Bayani Agbayani (born January 3, 1969) is a Filipino host, actor, singer, and comedian. After 15 years at ABS-CBN, he shuttled between his original home studio GMA Network and TV5 for the time being from 2008 to 2014 before moving back to ABS-CBN once more. Most of his television shows involves hosting, though he starred in several sitcoms. Most of his films involve actions with comedy. He is a graduate of Mass Communication in Broadcasting at the Polytechnic University of the Philippines.

Early life
Bayani Agbayani was born as Bayani Rogacion, Jr. on January 3, 1969, in Silang, Cavite. He worked as a vendor and porter to support himself in college. Agbayani is a practicing Roman Catholic. And also worked as extra in the television show of the late Apeng Daldal "Cafeteria Aroma" on GMA Network.

Career
Upon graduating from college, Bayani was hired by GMA Network as one of the production staff for the then noontime show Lunch Date.

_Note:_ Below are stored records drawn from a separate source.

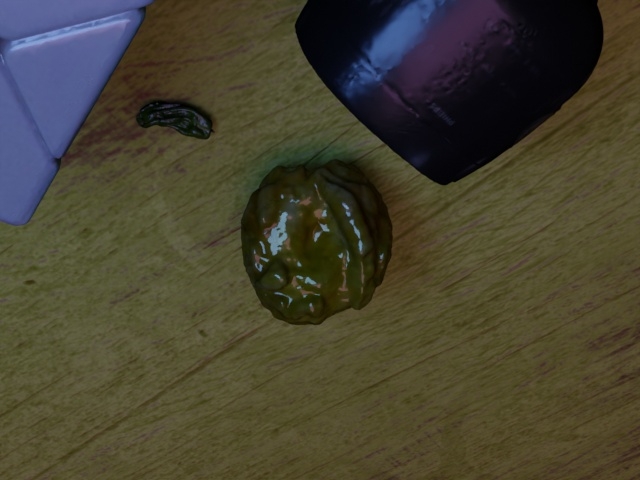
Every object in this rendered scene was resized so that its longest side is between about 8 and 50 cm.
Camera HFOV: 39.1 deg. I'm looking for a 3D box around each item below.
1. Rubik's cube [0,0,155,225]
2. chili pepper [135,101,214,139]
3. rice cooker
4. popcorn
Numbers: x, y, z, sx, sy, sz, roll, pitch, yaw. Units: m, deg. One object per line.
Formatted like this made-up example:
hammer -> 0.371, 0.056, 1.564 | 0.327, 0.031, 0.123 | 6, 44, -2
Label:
Rubik's cube -> -0.308, -0.261, 0.715 | 0.318, 0.316, 0.322 | 22, 123, -27
chili pepper -> -0.164, -0.137, 1.021 | 0.091, 0.030, 0.034 | 11, 152, -9
rice cooker -> 0.121, -0.206, 0.852 | 0.267, 0.267, 0.224 | 35, 112, -27
popcorn -> -0.002, -0.001, 1.063 | 0.197, 0.155, 0.198 | 1, 101, 3
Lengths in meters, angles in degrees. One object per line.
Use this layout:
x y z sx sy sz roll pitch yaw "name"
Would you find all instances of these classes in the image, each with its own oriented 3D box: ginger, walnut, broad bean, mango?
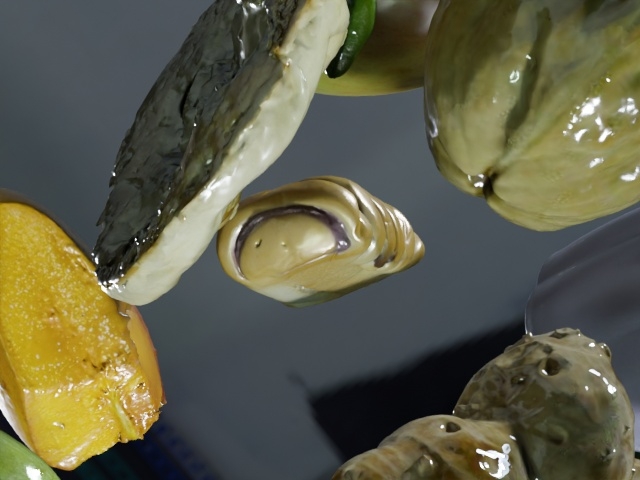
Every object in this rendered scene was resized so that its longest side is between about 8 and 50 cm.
0.157 0.221 1.695 0.375 0.256 0.176 -12 -174 -39 "ginger"
0.195 -0.141 1.403 0.283 0.227 0.283 -53 176 -5 "walnut"
0.032 -0.245 1.784 0.061 0.195 0.046 3 -173 41 "broad bean"
-0.286 0.088 2.028 0.199 0.350 0.201 -5 -141 33 "mango"

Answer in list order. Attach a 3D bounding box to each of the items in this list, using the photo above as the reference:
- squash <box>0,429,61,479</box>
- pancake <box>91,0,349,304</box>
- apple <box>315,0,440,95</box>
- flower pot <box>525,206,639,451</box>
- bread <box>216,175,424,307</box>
-0.392 0.178 1.780 0.118 0.370 0.118 -56 -174 9 "squash"
-0.050 -0.116 1.380 0.387 0.082 0.387 -55 -167 20 "pancake"
0.041 -0.312 2.024 0.305 0.339 0.338 -14 -173 -11 "apple"
0.394 0.075 2.119 0.243 0.265 0.265 -40 -174 48 "flower pot"
0.000 0.000 1.639 0.134 0.081 0.225 -21 167 12 "bread"
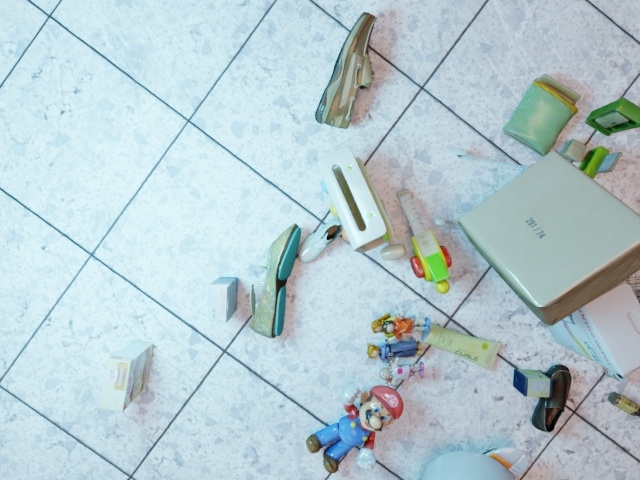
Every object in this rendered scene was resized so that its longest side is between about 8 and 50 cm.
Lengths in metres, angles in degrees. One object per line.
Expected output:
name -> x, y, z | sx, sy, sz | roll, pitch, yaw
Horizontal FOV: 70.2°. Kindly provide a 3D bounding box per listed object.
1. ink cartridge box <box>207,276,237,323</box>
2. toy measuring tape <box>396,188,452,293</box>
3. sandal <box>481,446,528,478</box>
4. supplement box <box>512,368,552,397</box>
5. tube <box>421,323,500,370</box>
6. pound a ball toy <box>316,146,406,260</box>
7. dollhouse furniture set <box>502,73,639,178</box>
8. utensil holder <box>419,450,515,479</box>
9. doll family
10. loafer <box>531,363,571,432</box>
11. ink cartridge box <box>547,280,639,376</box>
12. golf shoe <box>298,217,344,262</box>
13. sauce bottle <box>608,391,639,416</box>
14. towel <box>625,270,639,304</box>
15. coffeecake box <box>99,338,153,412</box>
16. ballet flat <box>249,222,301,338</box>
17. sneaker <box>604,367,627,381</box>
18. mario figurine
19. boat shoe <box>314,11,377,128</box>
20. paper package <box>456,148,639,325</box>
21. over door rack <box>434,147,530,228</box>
ink cartridge box -> -0.282, 0.168, 1.305 | 0.060, 0.180, 0.104 | 2, 93, -1
toy measuring tape -> 0.303, 0.008, 1.362 | 0.121, 0.121, 0.330 | -21, 72, 0
sandal -> 0.518, 0.710, 1.414 | 0.102, 0.076, 0.265 | 43, 111, 2
supplement box -> 0.646, 0.434, 1.387 | 0.083, 0.083, 0.056 | 2, 94, 0
tube -> 0.431, 0.318, 1.391 | 0.240, 0.062, 0.070 | 21, 134, -7
pound a ball toy -> 0.112, -0.082, 1.311 | 0.135, 0.208, 0.319 | -26, 77, 16
dollhouse furniture set -> 0.721, -0.334, 1.302 | 0.301, 0.151, 0.198 | 30, 93, -3
utensil holder -> 0.411, 0.824, 1.224 | 0.327, 0.385, 0.328 | 3, 103, 14
doll family -> 0.224, 0.309, 1.372 | 0.163, 0.118, 0.263 | -3, 112, -7
loafer -> 0.723, 0.491, 1.394 | 0.080, 0.078, 0.220 | 14, 94, -2
ink cartridge box -> 0.737, 0.207, 1.262 | 0.131, 0.306, 0.226 | -31, 93, 1
golf shoe -> 0.000, 0.000, 1.347 | 0.069, 0.086, 0.176 | 45, 94, -5
sauce bottle -> 0.965, 0.519, 1.421 | 0.128, 0.042, 0.042 | 28, 93, -5
towel -> 1.093, 0.193, 1.393 | 0.324, 0.056, 0.313 | -7, 94, -1
coffeecake box -> -0.555, 0.384, 1.312 | 0.068, 0.185, 0.143 | 11, 94, -2
ballet flat -> -0.145, 0.113, 1.343 | 0.123, 0.123, 0.349 | 11, 94, -2
sneaker -> 0.903, 0.352, 1.390 | 0.057, 0.075, 0.161 | -11, 94, 0
mario figurine -> 0.108, 0.553, 1.339 | 0.320, 0.170, 0.198 | -42, 128, 9
boat shoe -> 0.093, -0.475, 1.308 | 0.119, 0.122, 0.324 | 22, 101, -8
paper package -> 0.572, -0.009, 1.132 | 0.309, 0.168, 0.325 | -38, 50, 11
over door rack -> 0.530, -0.119, 1.347 | 0.324, 0.108, 0.240 | 16, 94, 12
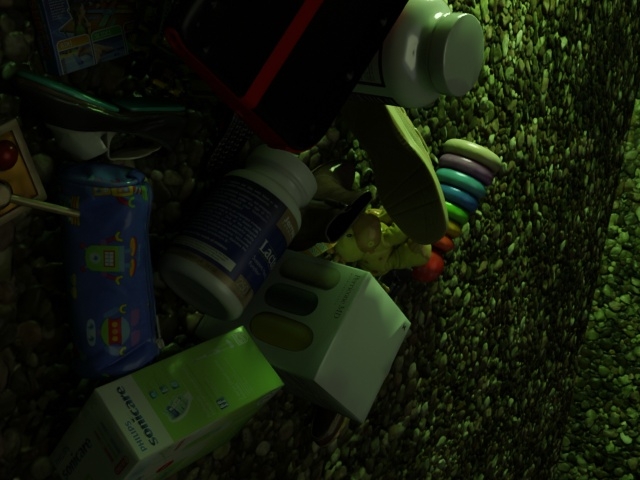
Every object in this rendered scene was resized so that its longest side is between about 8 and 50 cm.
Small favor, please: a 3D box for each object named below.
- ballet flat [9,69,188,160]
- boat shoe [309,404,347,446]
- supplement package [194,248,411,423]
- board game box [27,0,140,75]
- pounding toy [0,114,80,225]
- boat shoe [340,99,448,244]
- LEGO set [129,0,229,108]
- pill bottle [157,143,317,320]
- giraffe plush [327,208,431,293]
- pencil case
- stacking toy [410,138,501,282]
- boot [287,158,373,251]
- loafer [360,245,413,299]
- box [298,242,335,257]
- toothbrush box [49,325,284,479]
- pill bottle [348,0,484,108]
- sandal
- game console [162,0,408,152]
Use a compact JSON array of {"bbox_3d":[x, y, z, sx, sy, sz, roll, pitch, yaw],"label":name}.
[{"bbox_3d":[-0.287,-0.153,1.074,0.280,0.095,0.096,2,110,-53],"label":"ballet flat"},{"bbox_3d":[0.027,0.322,1.677,0.073,0.073,0.207,52,54,-46],"label":"boat shoe"},{"bbox_3d":[-0.027,0.150,1.377,0.199,0.263,0.198,-62,142,-18],"label":"supplement package"},{"bbox_3d":[-0.285,-0.310,1.063,0.201,0.035,0.136,-32,127,-43],"label":"board game box"},{"bbox_3d":[-0.386,-0.067,0.963,0.130,0.100,0.141,-40,131,-37],"label":"pounding toy"},{"bbox_3d":[0.160,-0.158,1.538,0.110,0.122,0.341,-27,92,-56],"label":"boat shoe"},{"bbox_3d":[-0.107,-0.346,1.108,0.255,0.192,0.331,38,65,-60],"label":"LEGO set"},{"bbox_3d":[-0.125,-0.017,1.281,0.264,0.153,0.153,-56,140,-23],"label":"pill bottle"},{"bbox_3d":[0.091,-0.006,1.595,0.170,0.181,0.210,20,121,-44],"label":"giraffe plush"},{"bbox_3d":[-0.286,0.043,1.107,0.119,0.133,0.306,-98,-172,-71],"label":"pencil case"},{"bbox_3d":[0.290,-0.057,1.842,0.141,0.141,0.330,26,86,-53],"label":"stacking toy"},{"bbox_3d":[0.031,-0.067,1.415,0.248,0.207,0.090,-47,113,-29],"label":"boot"},{"bbox_3d":[0.168,0.029,1.731,0.109,0.095,0.302,36,73,-52],"label":"loafer"},{"bbox_3d":[0.000,0.000,1.492,0.028,0.136,0.081,48,52,-10],"label":"box"},{"bbox_3d":[-0.225,0.266,1.200,0.283,0.122,0.206,-17,155,-48],"label":"toothbrush box"},{"bbox_3d":[0.094,-0.315,1.317,0.181,0.323,0.181,-24,121,-47],"label":"pill bottle"},{"bbox_3d":[-0.139,-0.184,1.306,0.067,0.040,0.179,33,90,-47],"label":"sandal"},{"bbox_3d":[-0.012,-0.333,1.057,0.386,0.060,0.342,-59,145,-7],"label":"game console"}]
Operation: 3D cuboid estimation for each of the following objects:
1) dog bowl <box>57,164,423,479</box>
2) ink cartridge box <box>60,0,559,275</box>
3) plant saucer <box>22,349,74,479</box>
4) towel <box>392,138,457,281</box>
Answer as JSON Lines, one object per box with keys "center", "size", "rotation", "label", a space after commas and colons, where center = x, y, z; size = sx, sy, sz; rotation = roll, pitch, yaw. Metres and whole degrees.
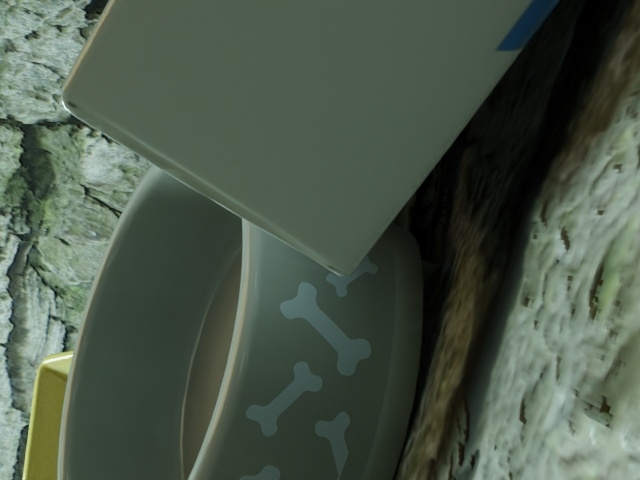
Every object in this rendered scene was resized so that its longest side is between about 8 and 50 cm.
{"center": [-0.074, 0.082, 0.696], "size": [0.349, 0.102, 0.348], "rotation": [-39, 42, 47], "label": "dog bowl"}
{"center": [0.039, -0.202, 0.603], "size": [0.285, 0.166, 0.395], "rotation": [-54, 10, 22], "label": "ink cartridge box"}
{"center": [-0.245, 0.292, 1.300], "size": [0.333, 0.081, 0.332], "rotation": [-15, 65, 40], "label": "plant saucer"}
{"center": [0.000, 0.000, 0.833], "size": [0.324, 0.056, 0.312], "rotation": [-48, 17, 38], "label": "towel"}
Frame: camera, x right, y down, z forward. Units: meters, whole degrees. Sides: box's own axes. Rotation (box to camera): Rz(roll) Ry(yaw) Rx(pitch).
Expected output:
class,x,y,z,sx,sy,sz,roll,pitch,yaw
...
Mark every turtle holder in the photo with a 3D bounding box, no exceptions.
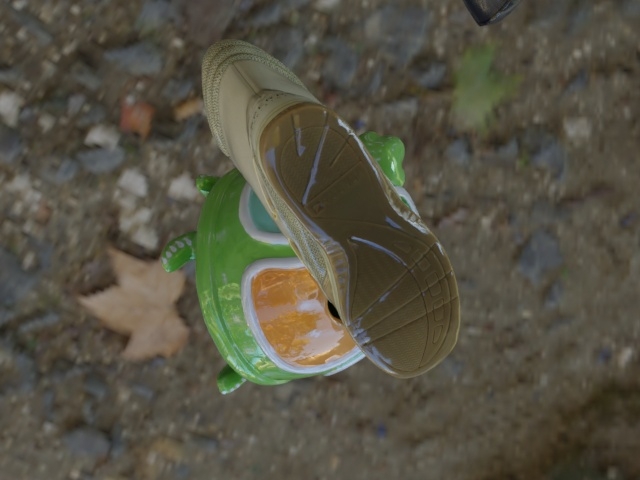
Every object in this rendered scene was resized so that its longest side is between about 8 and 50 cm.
class,x,y,z,sx,sy,sz,roll,pitch,yaw
turtle holder,0.002,0.019,1.960,0.227,0.320,0.243,-13,93,26

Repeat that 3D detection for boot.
class,x,y,z,sx,sy,sz,roll,pitch,yaw
boot,0.003,-0.028,1.407,0.095,0.203,0.262,-37,121,-3

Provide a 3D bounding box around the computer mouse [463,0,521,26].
class,x,y,z,sx,sy,sz,roll,pitch,yaw
computer mouse,0.113,-0.248,1.293,0.060,0.262,0.184,27,148,-16

When the show was reformatted to SST: Salo-Salo Together, he was absorbed into the new show and started appearing occasionally as an extra during the show's segment skits. He eventually started appearing on camera (he was introduced by the mononym Bayani) since then as the show's resident sidekick and comic relief, until SST: Salo-Salo Together moved to an earlier time slot to give way to erstwhile rival Eat Bulaga! in the GMA noontime slot. When SST: Salo-Salo Together bade farewell and was replaced by Katok Mga Misis!, he stayed on until 1996. He hired Cornelia "Angge" Lee as his talent manager who subsequently transferred him to ABS-CBN.
 
He later on assumed the screen name Bayani Agbayani when he transferred to ABS-CBN in 1996. Bayani's official debut movie was Wanted Perfect Murder with the comedian Redford White (late) and Eric Quizon and was released in 1997. He also appeared earlier in 1994 in the movie Forever with Mikee Cojuangco and Aga Muhlach but was uncredited.

Bayani ventured appeared mostly in some comedy movies like Pera o Bayong, Mana Mana, Tiba Tiba, Otso-Otso Pamela-Mela-Wan, Walang Iwanan, Peksman, and Sangano't Sanggago; sitcoms such as Super Laff-In, Kaya ni Mister, Kaya ni Misis and Okay, Fine! Whatever!; and noontime shows like Magandang Tanghali Bayan.

Bayani captured the heart of Filipino viewers through his wit and sense of humor.

He returned to his original TV network, GMA Network, with Diz Iz It!, a variety-talent show. He also worked at SRO Cinemaserye, First Time, and his returning sitcom, JejeMom in 2010 with his co-star Eugene Domingo.

In 2012, Agbayani is former mainstay and contract artist of TV5.

In 2015, Bayani returns home to ABS-CBN after 10 years, he's now a new co-host for It's Showtime newest comedy segment, My Funny One, the same year and Bayani is also part of the cast in Pangako Sa 'Yo.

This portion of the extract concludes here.